Voice coil motor (VCM) is widely used in the electronic products. In recent years it is a popular solution for driving and focusing the lenses of cameras of smart phones and tablet computers. By taking signals from an image signal processor (ISP), a driver IC produces the corresponding current output to drive a voice coil actuator, thus changes the lens position to reach the focus point. Since voice coil actuator changes lens position linearly for a short distance, it is widely used for precise tracking or focusing. VCM actuator can be modeled as a second order under damped system. As the size of VCM is getting smaller and the weight of VCM is getting lighter, the system damping ratio of the VCM actuator becomes smaller. When a driving current applied to the coil of VCM, the Lorentz force generated by electromagnetic force of the coil in a magnetic field from a permanent magnet moves lens linearly. However, the VCM actuator as a second order under damped system will cause mechanical oscillation. The lens will oscillate around the final focus position for a while, leading to a long focus time for the lens. The smaller the damping ratio is, the longer the time the lens settles to its final position.
In order to develop cameras with fast focus time, several methods in the art of driving VCM actuator have been suggested and practiced to eliminate the oscillation or decrease the oscillation magnitude. For example, one can increase the system damping ratio to limit the oscillation, so as to achieve fast focus. However, increasing the system damping ratio will increase the power consumption of the driving system, decrease the battery time, and therefore it is not practical and is not adopted in a camera of a mobile system.

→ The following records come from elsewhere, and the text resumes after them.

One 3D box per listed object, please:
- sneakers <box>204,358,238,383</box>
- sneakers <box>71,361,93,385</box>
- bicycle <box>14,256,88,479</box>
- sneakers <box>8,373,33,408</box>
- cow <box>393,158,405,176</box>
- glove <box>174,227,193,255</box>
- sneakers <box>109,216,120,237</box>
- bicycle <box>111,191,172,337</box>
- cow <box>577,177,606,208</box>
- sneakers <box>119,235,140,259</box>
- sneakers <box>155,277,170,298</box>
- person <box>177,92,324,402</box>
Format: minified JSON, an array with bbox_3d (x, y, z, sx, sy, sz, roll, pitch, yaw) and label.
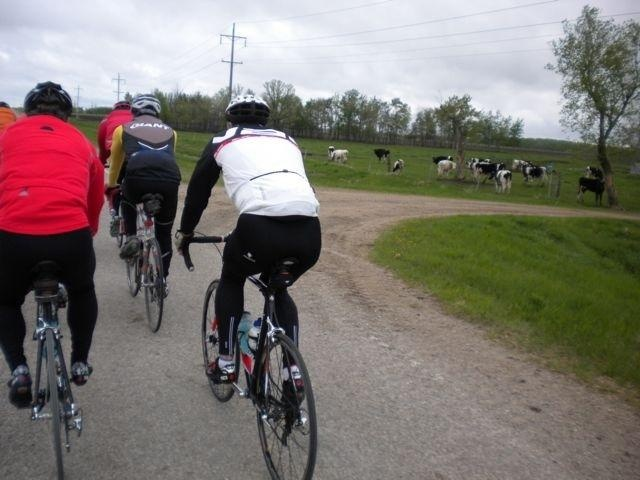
[{"bbox_3d":[-0.922,1.207,4.667,0.173,0.254,0.499,4,3,-28],"label":"sneakers"},{"bbox_3d":[-2.090,1.175,4.449,0.145,0.222,0.207,4,-8,-27],"label":"sneakers"},{"bbox_3d":[-2.151,0.973,4.064,0.564,1.088,1.637,-3,11,-22],"label":"bicycle"},{"bbox_3d":[-2.367,1.195,3.999,0.125,0.351,0.165,4,38,-33],"label":"sneakers"},{"bbox_3d":[5.330,-4.966,34.848,0.725,0.968,1.503,11,-3,-7],"label":"cow"},{"bbox_3d":[-1.261,0.036,4.653,0.169,0.254,0.209,3,13,-13],"label":"glove"},{"bbox_3d":[-3.562,-0.201,8.689,0.172,0.261,0.610,1,-11,-21],"label":"sneakers"},{"bbox_3d":[-2.622,0.238,6.674,0.670,1.234,1.947,-2,24,-25],"label":"bicycle"},{"bbox_3d":[15.507,-2.781,28.633,1.323,1.365,2.311,6,14,6],"label":"cow"},{"bbox_3d":[-2.402,0.123,6.351,0.179,0.183,0.381,22,-36,-25],"label":"sneakers"},{"bbox_3d":[-1.922,0.576,6.259,0.152,0.220,0.321,-5,4,-35],"label":"sneakers"},{"bbox_3d":[-0.537,0.198,4.301,1.340,2.744,0.663,11,15,28],"label":"person"}]
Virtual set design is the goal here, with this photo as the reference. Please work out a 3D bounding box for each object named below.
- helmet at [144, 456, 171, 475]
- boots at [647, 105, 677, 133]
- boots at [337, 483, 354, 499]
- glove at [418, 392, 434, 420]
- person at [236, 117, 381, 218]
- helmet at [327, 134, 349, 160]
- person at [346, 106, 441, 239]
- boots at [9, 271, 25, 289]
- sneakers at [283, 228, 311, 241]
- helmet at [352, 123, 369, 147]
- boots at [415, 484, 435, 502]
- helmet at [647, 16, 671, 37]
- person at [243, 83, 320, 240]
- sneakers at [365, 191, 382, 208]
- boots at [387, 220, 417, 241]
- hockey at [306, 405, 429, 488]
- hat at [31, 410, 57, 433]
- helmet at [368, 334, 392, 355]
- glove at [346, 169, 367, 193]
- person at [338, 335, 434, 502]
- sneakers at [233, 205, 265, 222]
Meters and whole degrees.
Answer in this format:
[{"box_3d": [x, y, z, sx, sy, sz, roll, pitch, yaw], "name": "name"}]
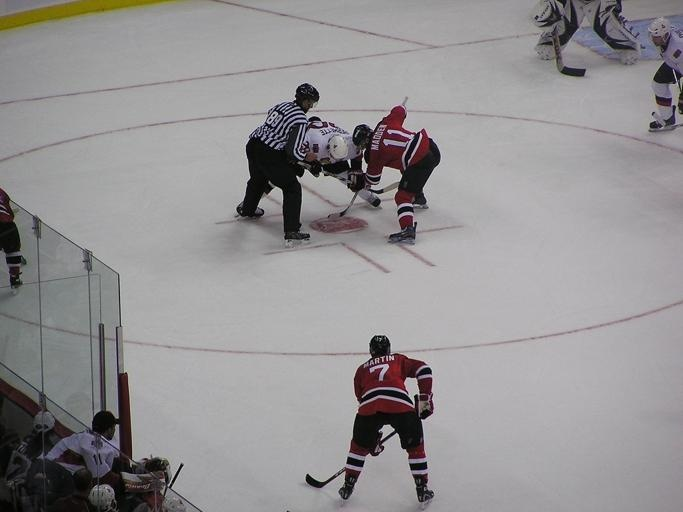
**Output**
[{"box_3d": [-1.104, 1.230, 4.979, 0.131, 0.126, 0.099, -11, 53, -8], "name": "helmet"}, {"box_3d": [3.626, -1.538, 9.506, 0.410, 0.371, 0.197, 2, 17, 6], "name": "boots"}, {"box_3d": [0.019, 1.461, 5.180, 0.081, 0.106, 0.045, 35, 0, 8], "name": "boots"}, {"box_3d": [0.528, 0.952, 5.298, 0.105, 0.147, 0.063, -3, -25, 17], "name": "glove"}, {"box_3d": [-0.316, -0.858, 8.083, 1.120, 0.707, 1.080, -12, -11, -12], "name": "person"}, {"box_3d": [-0.036, -0.979, 7.663, 0.178, 0.231, 0.197, -9, -1, -19], "name": "helmet"}, {"box_3d": [0.466, -0.771, 7.762, 0.690, 1.187, 0.514, 13, 17, 25], "name": "person"}, {"box_3d": [-1.954, 0.135, 5.019, 0.065, 0.091, 0.092, 1, -4, -20], "name": "boots"}, {"box_3d": [-0.426, -0.197, 7.683, 0.237, 0.112, 0.093, -6, 16, -26], "name": "sneakers"}, {"box_3d": [0.180, -1.130, 7.754, 0.146, 0.186, 0.189, 5, 56, 6], "name": "helmet"}, {"box_3d": [0.511, 1.442, 5.154, 0.054, 0.114, 0.166, -1, 18, 21], "name": "boots"}, {"box_3d": [3.519, -2.573, 9.290, 0.223, 0.215, 0.178, -8, 36, -9], "name": "helmet"}, {"box_3d": [-0.579, -0.900, 7.928, 0.667, 1.362, 0.917, -10, 25, -37], "name": "person"}, {"box_3d": [0.301, -0.577, 8.312, 0.101, 0.046, 0.189, 7, -25, 47], "name": "sneakers"}, {"box_3d": [0.585, -0.206, 7.632, 0.327, 0.230, 0.110, 1, 4, 16], "name": "boots"}, {"box_3d": [0.172, 1.242, 5.360, 0.110, 0.651, 0.094, 30, 26, -25], "name": "hockey"}, {"box_3d": [-1.750, 0.977, 4.938, 0.095, 0.129, 0.128, 8, 35, -4], "name": "hat"}, {"box_3d": [0.239, 0.585, 5.419, 0.108, 0.138, 0.138, 0, 57, -3], "name": "helmet"}, {"box_3d": [0.114, -0.716, 8.021, 0.147, 0.205, 0.196, 1, 52, -10], "name": "glove"}, {"box_3d": [0.299, 1.038, 5.348, 0.585, 0.502, 1.148, -6, 57, 12], "name": "person"}, {"box_3d": [-0.908, -0.429, 8.246, 0.335, 0.158, 0.113, -3, 50, -21], "name": "sneakers"}]

US Patent Application No. 20110156763 discloses a two-step driving method to achieve a fast focusing speed. This method relies on a precise knowledge about the natural frequency of each individual VCM in order to provide the amplitudes for the two step signals to form a fast system response. In practice, every coil may have a slightly different natural frequency from the targeted manufacturer's design value, deviating from an actual natural frequency may lead to residual oscillation after the lens reaches the desired position, and therefore increase actual focusing time. Furthermore, in order to implement this method without a complicated driver device design, an assumption that the damping coefficient is zero has to be made. This assumption may further depart away from an actual VCM behavior, resulting in additional factors causing the residual oscillation.
In view of the above problems of controlling mechanical oscillations in an under damped second order VCM system, there are needs to improve the settling speed of a VCM, minimize the residual oscillation, and simplify the driver device design and configuration.